● **Required action**: Transcribe the records below word for word, beginning with the first line and stopping after the line that contains "- CH3 level 325"; pictures are not part of the copy.

:: Data to use ::

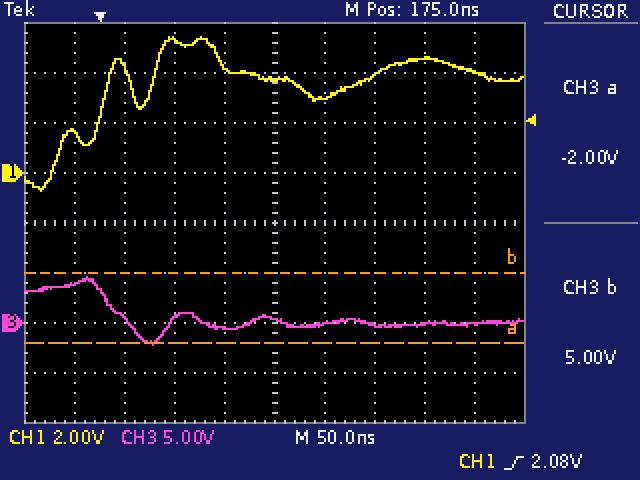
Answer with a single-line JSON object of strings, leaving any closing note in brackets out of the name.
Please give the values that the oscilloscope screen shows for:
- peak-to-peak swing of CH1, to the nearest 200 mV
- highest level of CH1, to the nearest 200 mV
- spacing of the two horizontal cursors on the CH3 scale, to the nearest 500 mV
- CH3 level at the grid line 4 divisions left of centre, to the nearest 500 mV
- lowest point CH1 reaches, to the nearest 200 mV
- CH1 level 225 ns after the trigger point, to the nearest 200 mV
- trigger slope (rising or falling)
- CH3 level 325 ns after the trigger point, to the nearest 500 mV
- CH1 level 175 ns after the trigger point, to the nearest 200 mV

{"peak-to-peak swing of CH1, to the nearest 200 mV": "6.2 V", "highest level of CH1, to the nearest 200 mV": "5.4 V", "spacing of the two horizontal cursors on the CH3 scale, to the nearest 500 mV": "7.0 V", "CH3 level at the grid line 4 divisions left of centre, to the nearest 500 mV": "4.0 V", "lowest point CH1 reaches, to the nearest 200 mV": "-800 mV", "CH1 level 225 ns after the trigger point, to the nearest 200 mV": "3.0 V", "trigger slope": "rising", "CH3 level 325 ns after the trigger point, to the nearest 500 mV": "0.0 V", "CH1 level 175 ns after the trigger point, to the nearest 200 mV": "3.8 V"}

:::

● **Response to this exercise**:
Answer with a single-line JSON object of strings, leaving any closing note in brackets out of the name.
Please give the values that the oscilloscope screen shows for:
- peak-to-peak swing of CH1, to the nearest 200 mV
- highest level of CH1, to the nearest 200 mV
- spacing of the two horizontal cursors on the CH3 scale, to the nearest 500 mV
- CH3 level at the grid line 4 divisions left of centre, to the nearest 500 mV
- lowest point CH1 reaches, to the nearest 200 mV
- CH1 level 225 ns after the trigger point, to the nearest 200 mV
- trigger slope (rising or falling)
- CH3 level 325 ns after the trigger point, to the nearest 500 mV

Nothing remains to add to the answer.